Мне довелось повидать одни из древнейших скальпелей в мире. Это было в Греции, в Эпидавре, в музее Асклепия. Скальпели, лежавшие за витринным стеклом, были точь-в-точь как наши — те, которыми я оперировал накануне поездки. А ведь им было не менее трех тысяч лет; и хотя они были не из нержавеющей стали, а из потемневшей от времени бронзы, хотя они изрядно подзатупились за те века, что пролежали в бездействии, но, если привести их в порядок и прогнать через стерилизатор, ими вполне можно было работать. А все оттого, что скальпель уже в момент зарождения сразу достиг совершенства.
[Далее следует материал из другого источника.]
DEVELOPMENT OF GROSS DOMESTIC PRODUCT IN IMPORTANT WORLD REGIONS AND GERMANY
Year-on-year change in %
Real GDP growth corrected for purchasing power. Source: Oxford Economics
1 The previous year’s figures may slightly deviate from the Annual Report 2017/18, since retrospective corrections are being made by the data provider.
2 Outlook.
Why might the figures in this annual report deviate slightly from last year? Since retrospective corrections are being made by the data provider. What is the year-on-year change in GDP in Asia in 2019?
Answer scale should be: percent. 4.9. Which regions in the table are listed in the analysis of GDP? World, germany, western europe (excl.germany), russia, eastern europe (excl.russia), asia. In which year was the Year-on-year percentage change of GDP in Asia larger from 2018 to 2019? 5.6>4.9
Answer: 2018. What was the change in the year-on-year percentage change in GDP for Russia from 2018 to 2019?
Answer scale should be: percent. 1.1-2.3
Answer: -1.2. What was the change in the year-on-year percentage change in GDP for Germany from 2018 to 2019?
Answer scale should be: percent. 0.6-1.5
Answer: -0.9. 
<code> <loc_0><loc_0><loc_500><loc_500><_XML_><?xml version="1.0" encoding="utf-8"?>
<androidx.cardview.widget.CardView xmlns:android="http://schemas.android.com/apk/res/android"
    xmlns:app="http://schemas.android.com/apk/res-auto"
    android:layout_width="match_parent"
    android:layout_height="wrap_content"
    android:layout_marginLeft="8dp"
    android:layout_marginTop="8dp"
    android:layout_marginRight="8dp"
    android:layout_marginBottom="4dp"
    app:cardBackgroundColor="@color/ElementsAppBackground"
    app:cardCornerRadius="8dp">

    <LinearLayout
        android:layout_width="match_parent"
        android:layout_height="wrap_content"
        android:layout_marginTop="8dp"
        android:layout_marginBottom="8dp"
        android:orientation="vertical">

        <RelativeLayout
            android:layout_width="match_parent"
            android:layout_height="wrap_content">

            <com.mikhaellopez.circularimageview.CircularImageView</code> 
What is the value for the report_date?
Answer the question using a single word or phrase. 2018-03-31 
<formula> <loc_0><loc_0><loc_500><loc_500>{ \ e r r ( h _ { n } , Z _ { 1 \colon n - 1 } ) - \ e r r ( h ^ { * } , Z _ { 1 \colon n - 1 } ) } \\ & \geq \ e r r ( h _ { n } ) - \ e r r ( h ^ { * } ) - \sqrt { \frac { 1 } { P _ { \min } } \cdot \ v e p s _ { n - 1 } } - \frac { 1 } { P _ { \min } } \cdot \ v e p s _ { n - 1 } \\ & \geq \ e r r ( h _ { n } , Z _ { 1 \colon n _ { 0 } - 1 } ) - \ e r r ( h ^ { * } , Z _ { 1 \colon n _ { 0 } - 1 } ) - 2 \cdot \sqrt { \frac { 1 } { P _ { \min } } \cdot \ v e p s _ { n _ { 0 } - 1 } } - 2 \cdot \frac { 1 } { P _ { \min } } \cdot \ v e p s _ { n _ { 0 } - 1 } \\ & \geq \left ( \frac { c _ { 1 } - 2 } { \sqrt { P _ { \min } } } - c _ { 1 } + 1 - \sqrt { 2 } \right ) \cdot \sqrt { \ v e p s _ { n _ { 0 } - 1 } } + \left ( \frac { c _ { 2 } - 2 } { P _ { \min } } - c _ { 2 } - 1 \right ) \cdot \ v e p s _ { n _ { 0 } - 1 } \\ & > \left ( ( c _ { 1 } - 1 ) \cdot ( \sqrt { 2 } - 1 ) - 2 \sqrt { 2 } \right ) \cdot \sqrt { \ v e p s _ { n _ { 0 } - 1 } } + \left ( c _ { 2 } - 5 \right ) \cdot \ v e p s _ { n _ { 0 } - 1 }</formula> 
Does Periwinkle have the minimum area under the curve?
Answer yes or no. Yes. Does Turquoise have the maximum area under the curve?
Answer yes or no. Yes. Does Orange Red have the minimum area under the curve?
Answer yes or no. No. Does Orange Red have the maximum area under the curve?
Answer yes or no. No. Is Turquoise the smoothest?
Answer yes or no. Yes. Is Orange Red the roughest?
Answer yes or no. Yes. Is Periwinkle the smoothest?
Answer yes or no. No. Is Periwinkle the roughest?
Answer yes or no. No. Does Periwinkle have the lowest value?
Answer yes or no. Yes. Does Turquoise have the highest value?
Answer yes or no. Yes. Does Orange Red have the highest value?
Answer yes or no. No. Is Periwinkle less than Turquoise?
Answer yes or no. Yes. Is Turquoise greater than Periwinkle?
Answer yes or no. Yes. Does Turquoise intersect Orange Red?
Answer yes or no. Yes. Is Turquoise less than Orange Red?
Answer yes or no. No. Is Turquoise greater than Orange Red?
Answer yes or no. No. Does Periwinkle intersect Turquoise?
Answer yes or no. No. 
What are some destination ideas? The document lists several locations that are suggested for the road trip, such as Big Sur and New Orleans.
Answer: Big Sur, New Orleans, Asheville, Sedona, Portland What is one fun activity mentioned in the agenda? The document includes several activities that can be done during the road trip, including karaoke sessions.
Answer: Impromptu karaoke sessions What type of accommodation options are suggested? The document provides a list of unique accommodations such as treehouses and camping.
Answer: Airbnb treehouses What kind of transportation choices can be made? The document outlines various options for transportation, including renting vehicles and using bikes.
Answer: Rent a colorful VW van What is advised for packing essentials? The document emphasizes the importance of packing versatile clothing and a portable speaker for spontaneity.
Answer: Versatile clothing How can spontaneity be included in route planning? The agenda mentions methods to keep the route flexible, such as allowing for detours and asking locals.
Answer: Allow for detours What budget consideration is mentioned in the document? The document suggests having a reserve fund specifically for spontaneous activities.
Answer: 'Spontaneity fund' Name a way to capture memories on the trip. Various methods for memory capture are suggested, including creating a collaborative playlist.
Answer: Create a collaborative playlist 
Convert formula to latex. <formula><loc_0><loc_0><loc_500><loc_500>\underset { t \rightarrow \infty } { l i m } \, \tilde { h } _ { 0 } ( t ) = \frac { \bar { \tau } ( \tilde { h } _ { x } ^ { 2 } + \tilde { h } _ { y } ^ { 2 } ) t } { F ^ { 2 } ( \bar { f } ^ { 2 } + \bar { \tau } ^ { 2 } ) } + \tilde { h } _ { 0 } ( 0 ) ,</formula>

Что можно было улучшить в этом узком ноже, так удобно ложащемся в пальцы и предназначенном для послойного рассечения тканей? Разве только менять его размер да варьировать форму лезвия (конечно, «глазной» крошечный скальпель отличается от ампутационного военно-полевого ножа); но в принципе скальпели все одинаковы. У них есть рукоять — и лезвие с режущей кромкой. Различия между скальпелями — скорее в стиле работы: в том, как хирург держит их и насколько небрежно или осторожно пользуется ими на операции. Скальпель можно взять в руку, как берут писчее перо, — и работать с кропотливостью каллиграфа, выводящего строчку за строчкой; а можно держать, как скрипач держит смычок, — и вести операцию, как вдохновенную музыкальную партию. То есть разница уже не в самих инструментах — а в людях, которые ими работают. В движениях скальпеля проявляется тип и характер хирурга — решительного или осторожного, торопливо-азартного или мелочно-щепетильного, бодрого или уставшего, старого или молодого.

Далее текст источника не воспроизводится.